(Collected data entries)
-------
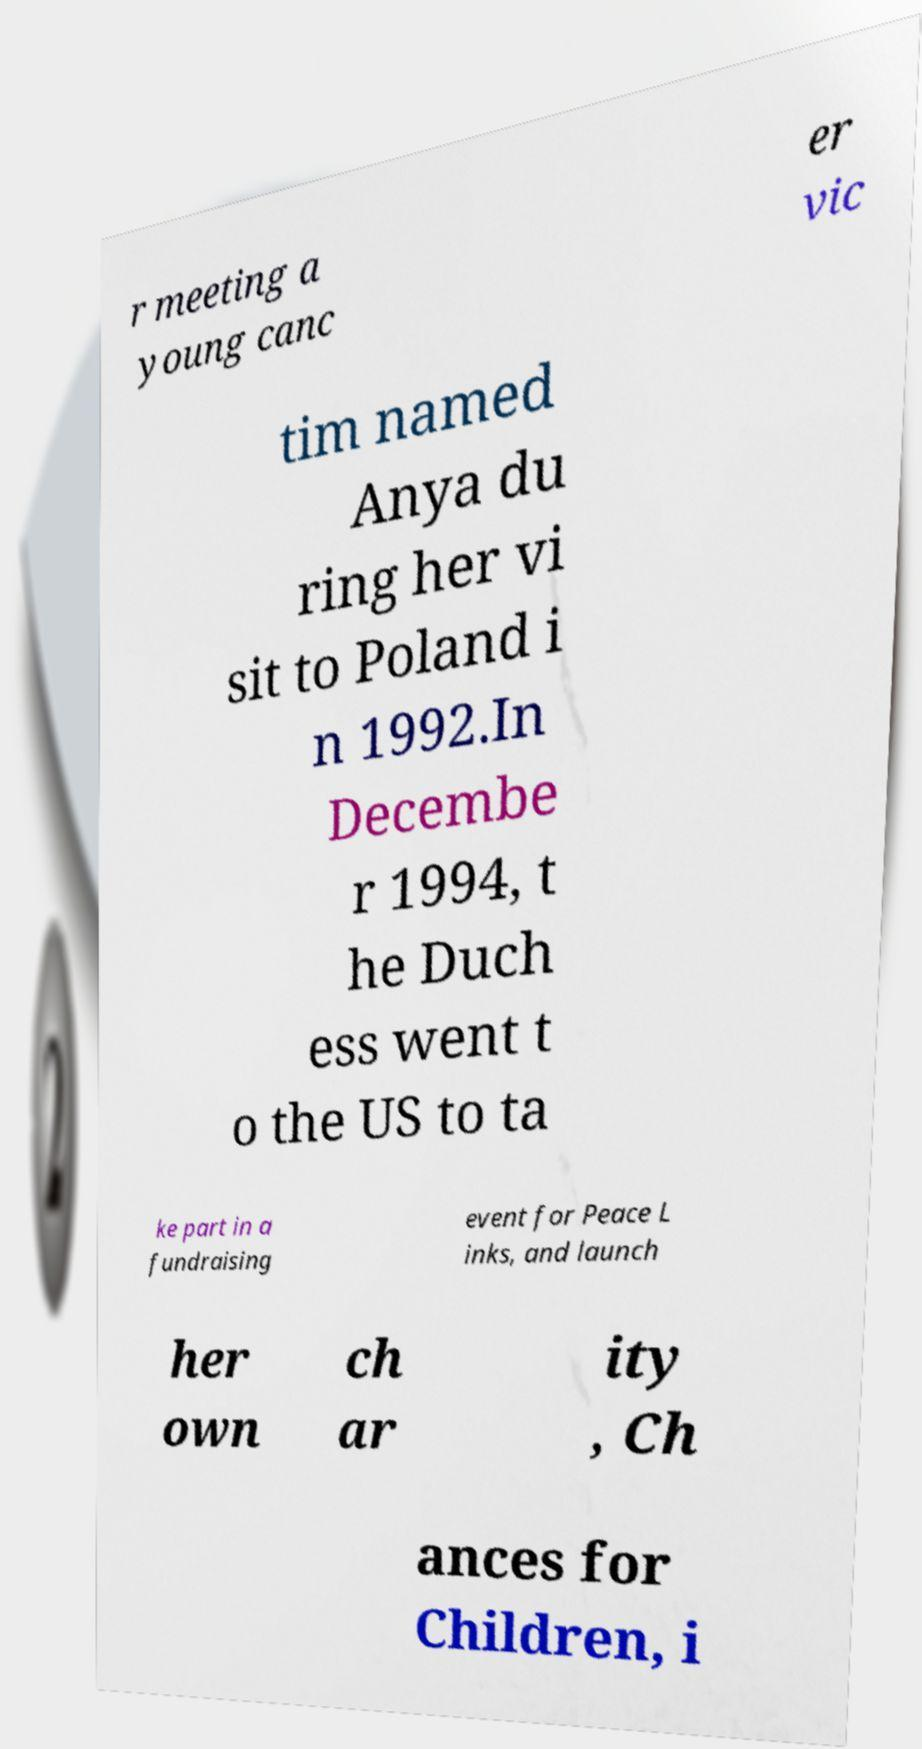Could you assist in decoding the text presented in this image and type it out clearly? r meeting a young canc er vic tim named Anya du ring her vi sit to Poland i n 1992.In Decembe r 1994, t he Duch ess went t o the US to ta ke part in a fundraising event for Peace L inks, and launch her own ch ar ity , Ch ances for Children, i 
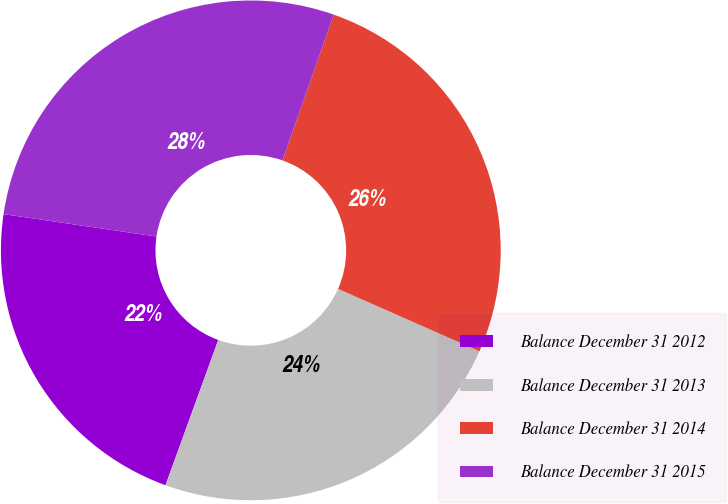<chart> <loc_0><loc_0><loc_500><loc_500><pie_chart><fcel>Balance December 31 2012<fcel>Balance December 31 2013<fcel>Balance December 31 2014<fcel>Balance December 31 2015<nl><fcel>21.77%<fcel>23.93%<fcel>26.23%<fcel>28.07%<nl></chart> 
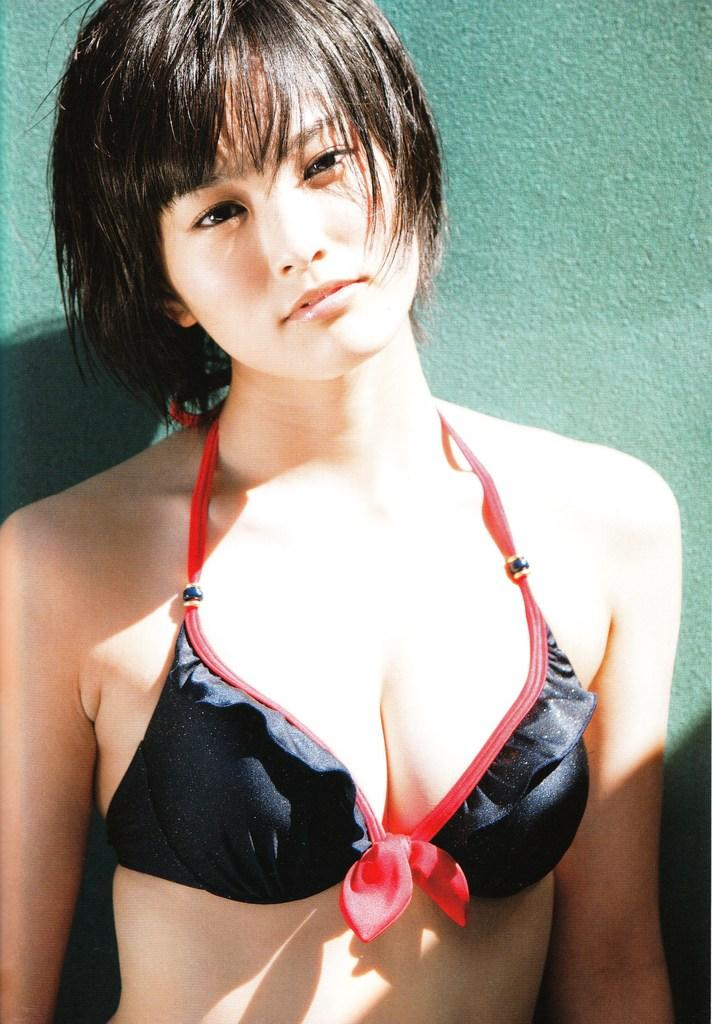Who is the main subject in the image? There is a woman in the image. What is the woman doing in the image? The woman is standing and posing for a photo. What can be seen in the background of the image? There is a wall in the background of the image. What is the color of the wall? The wall is green in color. What type of butter is being used to sing songs in the image? There is no butter or singing in the image; it features a woman standing and posing for a photo with a green wall in the background. 
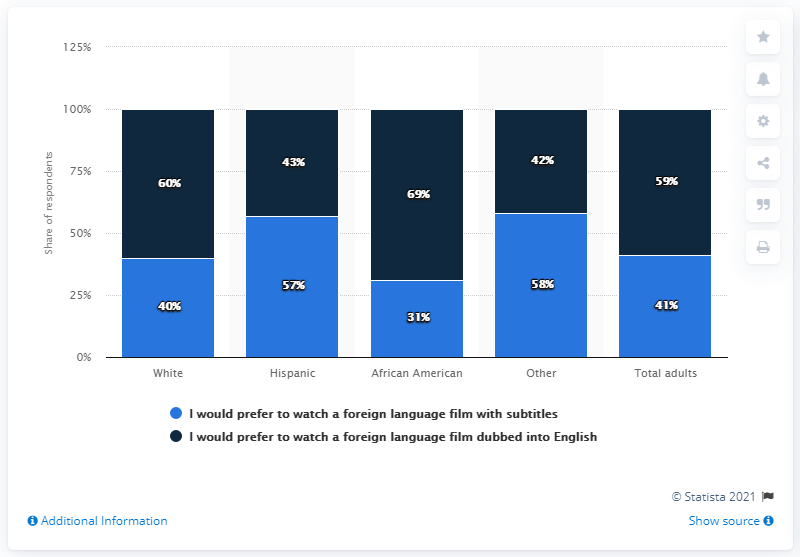Highlight a few significant elements in this photo. According to a survey, 59% of U.S. adults stated that they prefer to watch foreign language films with English dubbing. 
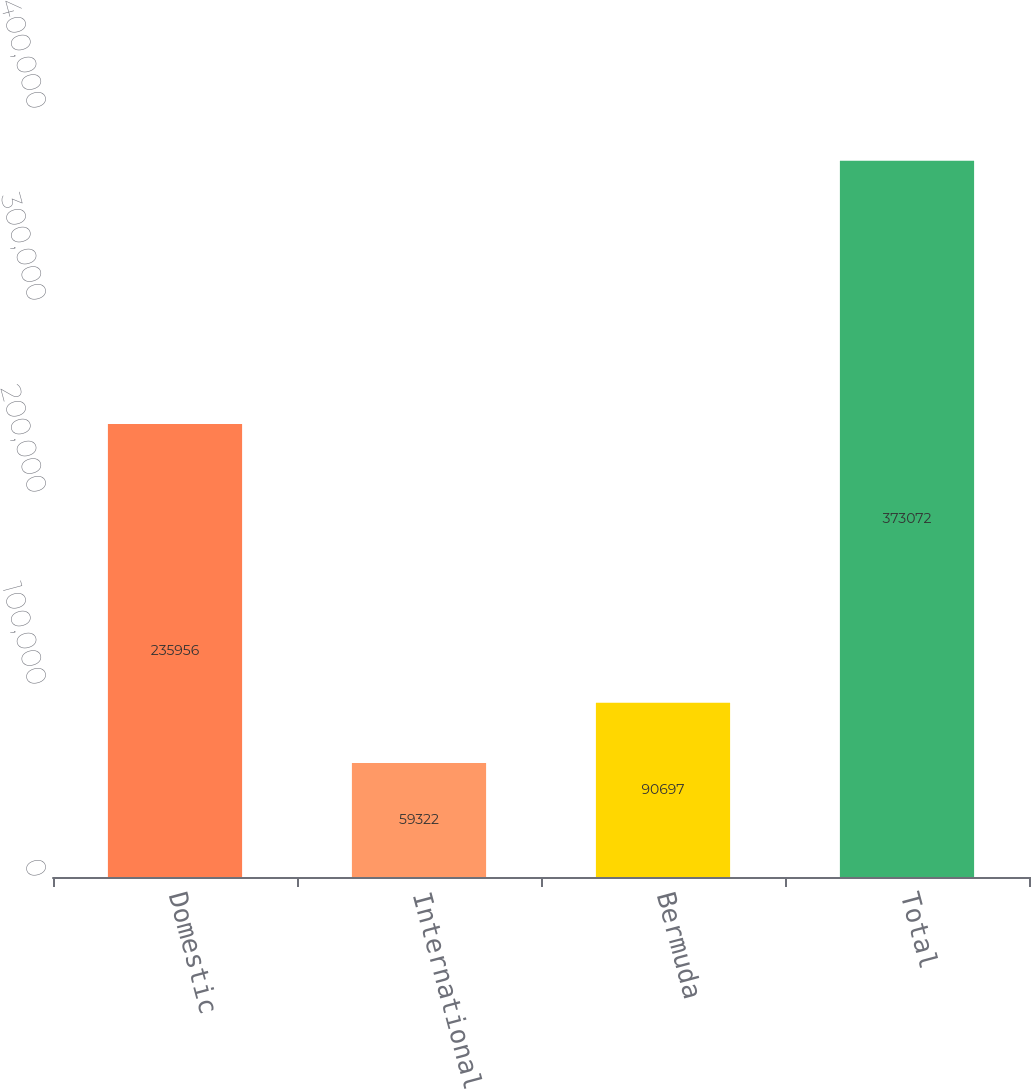Convert chart. <chart><loc_0><loc_0><loc_500><loc_500><bar_chart><fcel>Domestic<fcel>International<fcel>Bermuda<fcel>Total<nl><fcel>235956<fcel>59322<fcel>90697<fcel>373072<nl></chart> 
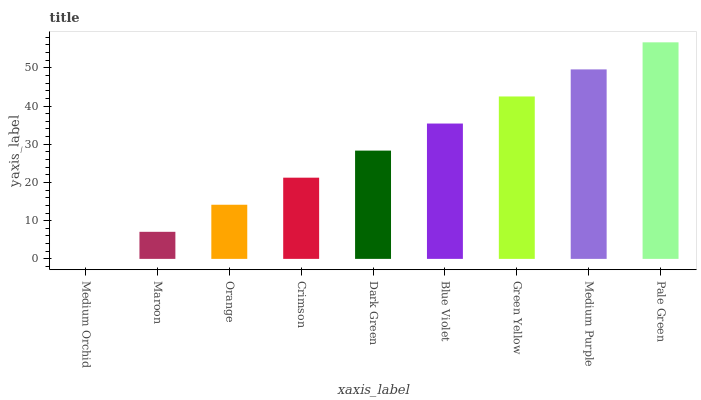Is Medium Orchid the minimum?
Answer yes or no. Yes. Is Pale Green the maximum?
Answer yes or no. Yes. Is Maroon the minimum?
Answer yes or no. No. Is Maroon the maximum?
Answer yes or no. No. Is Maroon greater than Medium Orchid?
Answer yes or no. Yes. Is Medium Orchid less than Maroon?
Answer yes or no. Yes. Is Medium Orchid greater than Maroon?
Answer yes or no. No. Is Maroon less than Medium Orchid?
Answer yes or no. No. Is Dark Green the high median?
Answer yes or no. Yes. Is Dark Green the low median?
Answer yes or no. Yes. Is Pale Green the high median?
Answer yes or no. No. Is Crimson the low median?
Answer yes or no. No. 
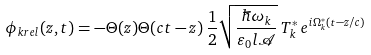<formula> <loc_0><loc_0><loc_500><loc_500>\phi _ { k r e l } ( z , t ) = - \Theta ( z ) \Theta ( c t - z ) \, { \frac { 1 } { 2 } } \sqrt { \frac { \hbar { \omega } _ { k } } { \varepsilon _ { 0 } l \mathcal { A } } } \, T _ { k } ^ { * } \, e ^ { i \Omega _ { k } ^ { * } ( t - z / c ) }</formula> 
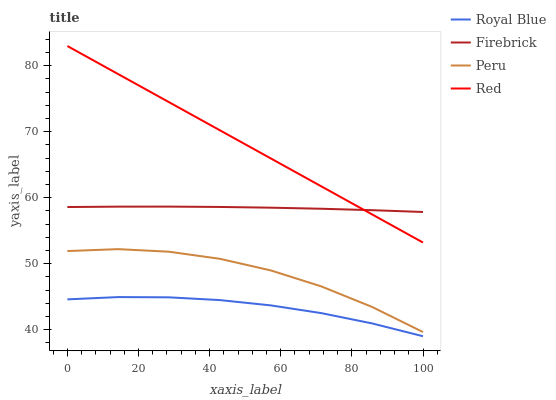Does Royal Blue have the minimum area under the curve?
Answer yes or no. Yes. Does Red have the maximum area under the curve?
Answer yes or no. Yes. Does Firebrick have the minimum area under the curve?
Answer yes or no. No. Does Firebrick have the maximum area under the curve?
Answer yes or no. No. Is Red the smoothest?
Answer yes or no. Yes. Is Peru the roughest?
Answer yes or no. Yes. Is Firebrick the smoothest?
Answer yes or no. No. Is Firebrick the roughest?
Answer yes or no. No. Does Red have the lowest value?
Answer yes or no. No. Does Red have the highest value?
Answer yes or no. Yes. Does Firebrick have the highest value?
Answer yes or no. No. Is Peru less than Red?
Answer yes or no. Yes. Is Firebrick greater than Peru?
Answer yes or no. Yes. Does Firebrick intersect Red?
Answer yes or no. Yes. Is Firebrick less than Red?
Answer yes or no. No. Is Firebrick greater than Red?
Answer yes or no. No. Does Peru intersect Red?
Answer yes or no. No.
-------
Count the lines of the records that include the word "roughest". Give the number by itself.

— ANSWER SECTION —
2